(Source records)
/---
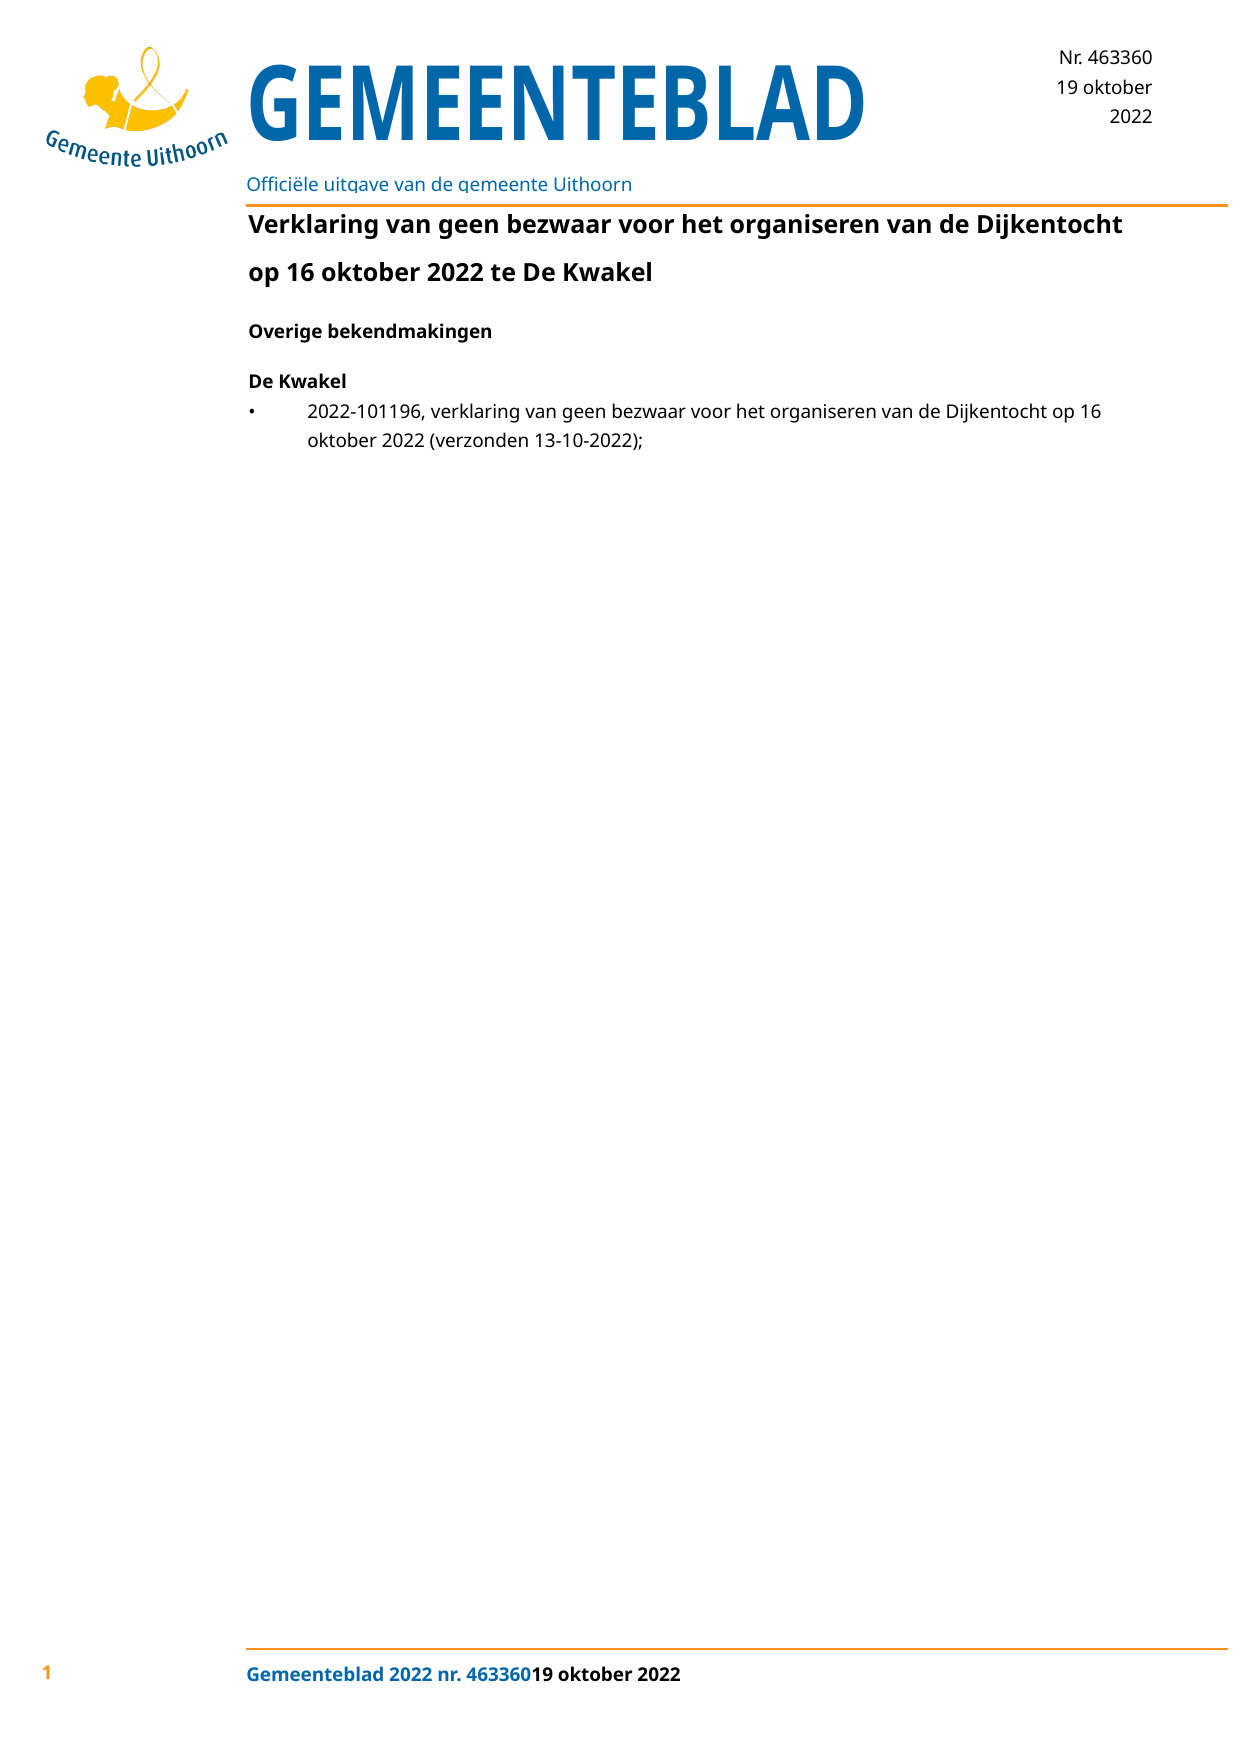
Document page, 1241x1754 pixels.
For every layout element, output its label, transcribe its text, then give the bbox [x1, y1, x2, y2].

picture [41, 47, 231, 172]
text Overige bekendmakingen [248, 318, 1152, 344]
list 2022-101196, verklaring van geen bezwaar voor het organiseren van de Dijkentocht op 16 oktober 2022 (verzonden 13-10-2022); [248, 398, 1152, 453]
text Verklaring van geen bezwaar voor het organiseren van de Dijkentocht op 16 oktober 2022 te De Kwakel [248, 207, 1152, 288]
text De Kwakel [248, 368, 1152, 394]
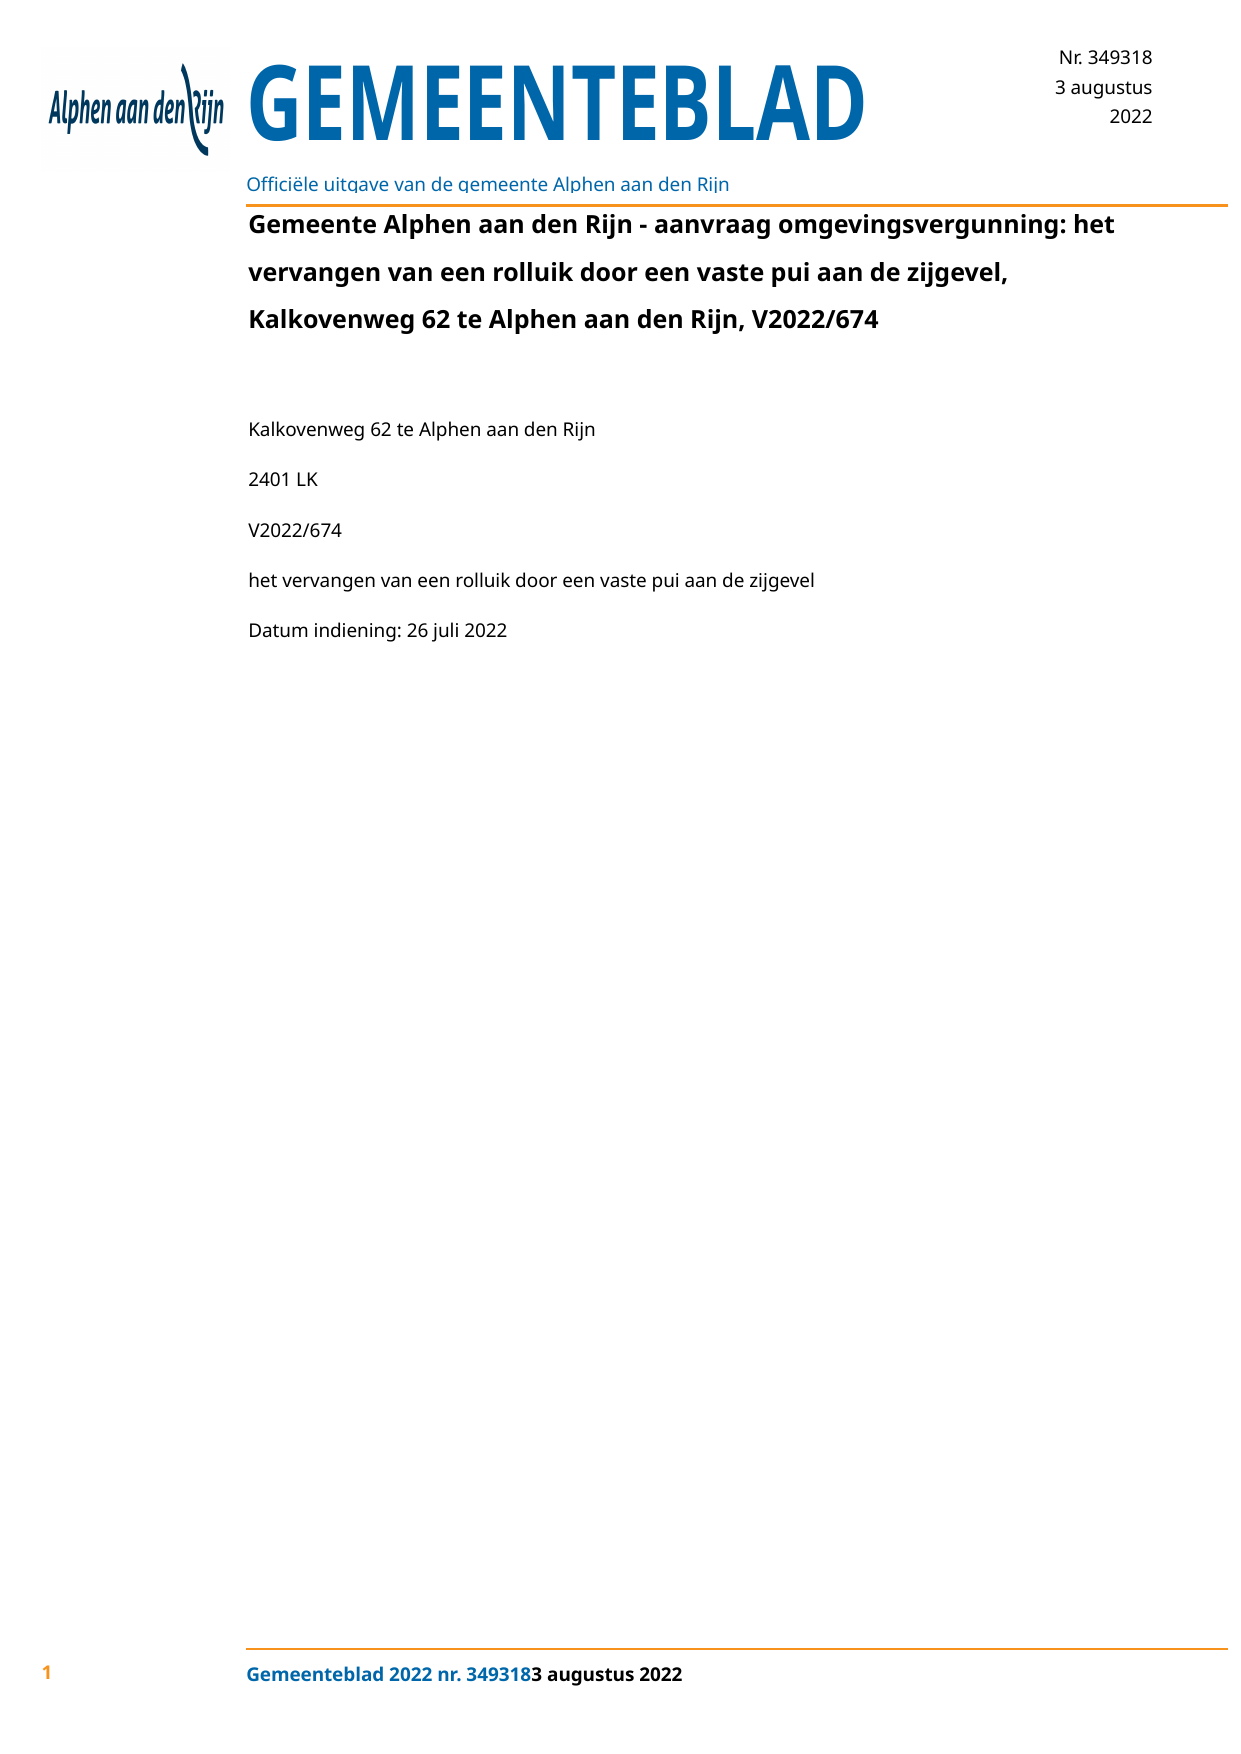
\---
→ **PROBLEM REQUIREMENTS**
Take every record and copy it word for word, dropping the pictures.

→ **EXERCISE SOLUTION**
Document page, 1241x1754 pixels.
For every layout element, output its label, transcribe its text, then give the bbox [x1, y1, x2, y2].

picture [41, 47, 231, 172]
text Overige bekendmakingen [248, 318, 1152, 344]
list 2022-101196, verklaring van geen bezwaar voor het organiseren van de Dijkentocht op 16 oktober 2022 (verzonden 13-10-2022); [248, 398, 1152, 453]
text Verklaring van geen bezwaar voor het organiseren van de Dijkentocht op 16 oktober 2022 te De Kwakel [248, 207, 1152, 288]
text De Kwakel [248, 368, 1152, 394]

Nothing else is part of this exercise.